Configuration
Lifecycle Hooks
Run custom commands before or after container updates.
Overview
Lifecycle hooks let you run shell commands before or after a container is updated. Common use cases:
- Stop dependent services before updating
- Run database migrations after updating
- Send custom notifications
- Create network resources or volumes
Container labels
| Label | Type | Default | Description |
|---|---|---|---|
dd.hook.pre | string | — | Shell command to execute before the update |
dd.hook.post | string | — | Shell command to execute after the update |
dd.hook.pre.abort | boolean | true | Abort the update if the pre-hook exits with a non-zero code |
dd.hook.timeout | number (ms) | 60000 | Maximum execution time for each hook |
Legacy
wud.hook.* labels are also supported for backward compatibility.Hook environment variables
When a hook runs, drydock injects environment variables describing the update:
| Variable | Description | Example |
|---|---|---|
DD_CONTAINER_NAME | Container name | myapp |
DD_CONTAINER_ID | Container ID | abc123def456 |
DD_IMAGE_NAME | Image name (without registry prefix) | myorg/myapp |
DD_IMAGE_TAG | Current image tag | 1.2.3 |
DD_UPDATE_KIND | Update type | tag or digest |
DD_UPDATE_FROM | Current tag or digest | 1.2.3 |
DD_UPDATE_TO | New tag or digest | 1.3.0 |
Execution details
- Hooks run inside the drydock container using
/bin/sh -c - Combined stdout and stderr output is capped at 10 KB
- An exit code of
0is treated as success; any non-zero code is a failure - If a hook exceeds its timeout, it is killed and treated as a failure (exit code 1)

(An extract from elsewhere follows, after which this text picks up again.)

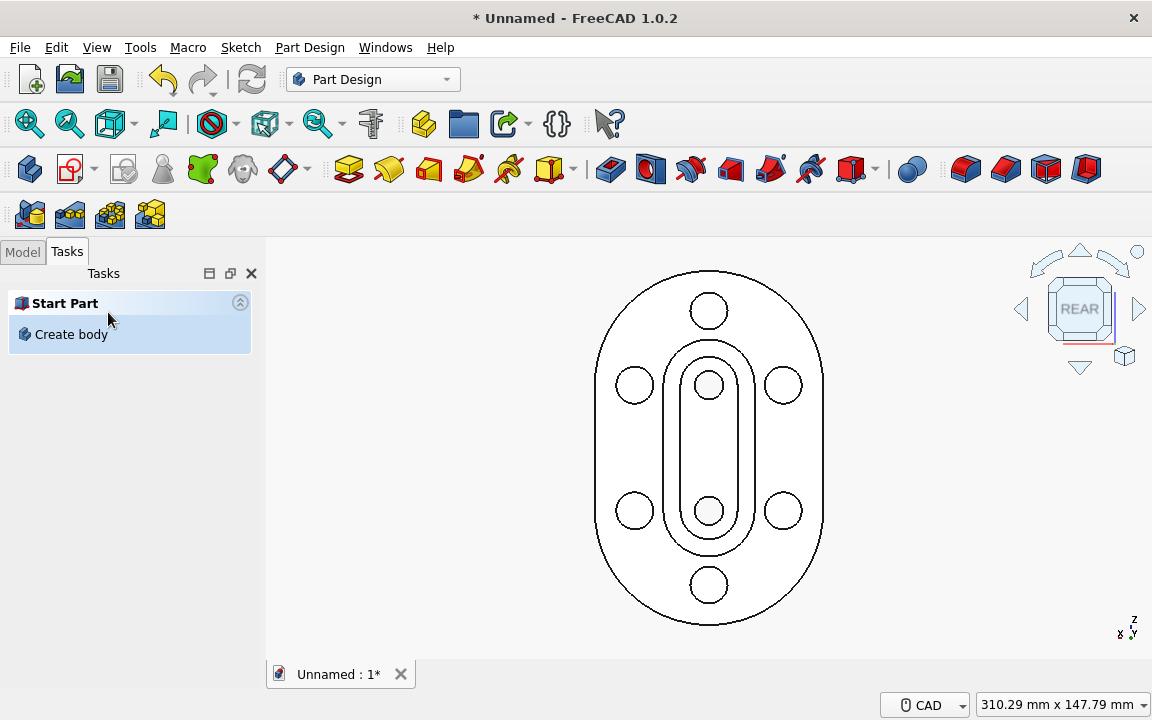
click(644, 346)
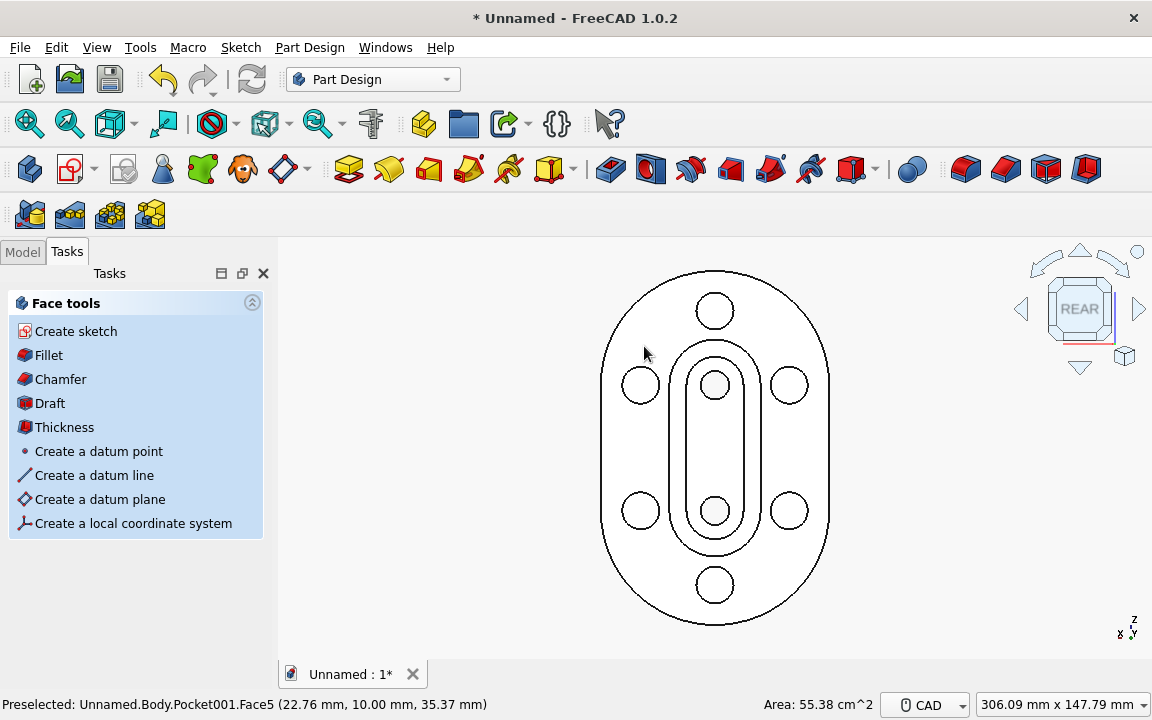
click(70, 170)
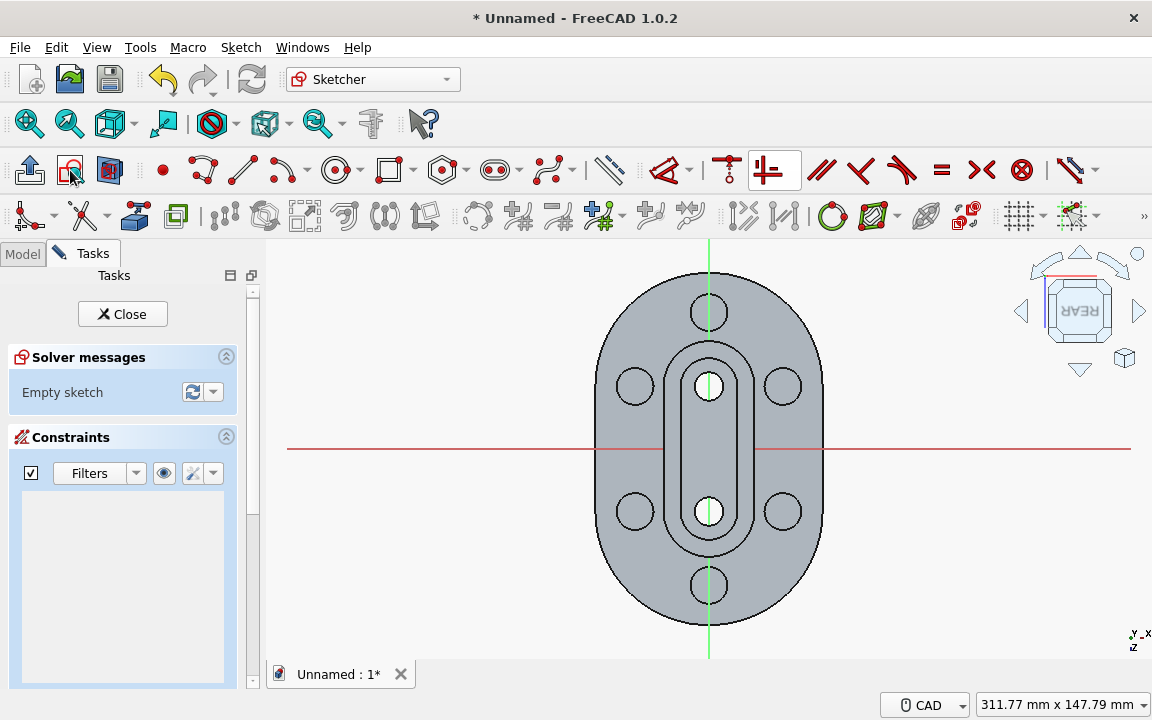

- Hooks are NOT executed during self-update
Pre-hook abort behavior
When dd.hook.pre.abort is true (the default), a failed pre-hook cancels the update entirely. Set it to false if you want the update to proceed regardless of hook outcome.
Audit events
| Event | Description |
|---|---|
hook-pre-success | Pre-hook completed successfully |
hook-pre-failed | Pre-hook exited non-zero or timed out |
hook-post-success | Post-hook completed successfully |
hook-post-failed | Post-hook exited non-zero or timed out |
Example
services:
myapp:
image: myapp:latest
labels:
- dd.watch=true
- dd.hook.pre=docker exec mydb pg_dump -U postgres mydb > /backup/pre-update.sql
- dd.hook.post=curl -X POST https://hooks.slack.com/services/xxx -d '{"text":"myapp updated"}'
- dd.hook.pre.abort=true
- dd.hook.timeout=120000Hooks run with the permissions of the drydock process. Ensure the Docker socket is mounted if your hooks need to interact with Docker.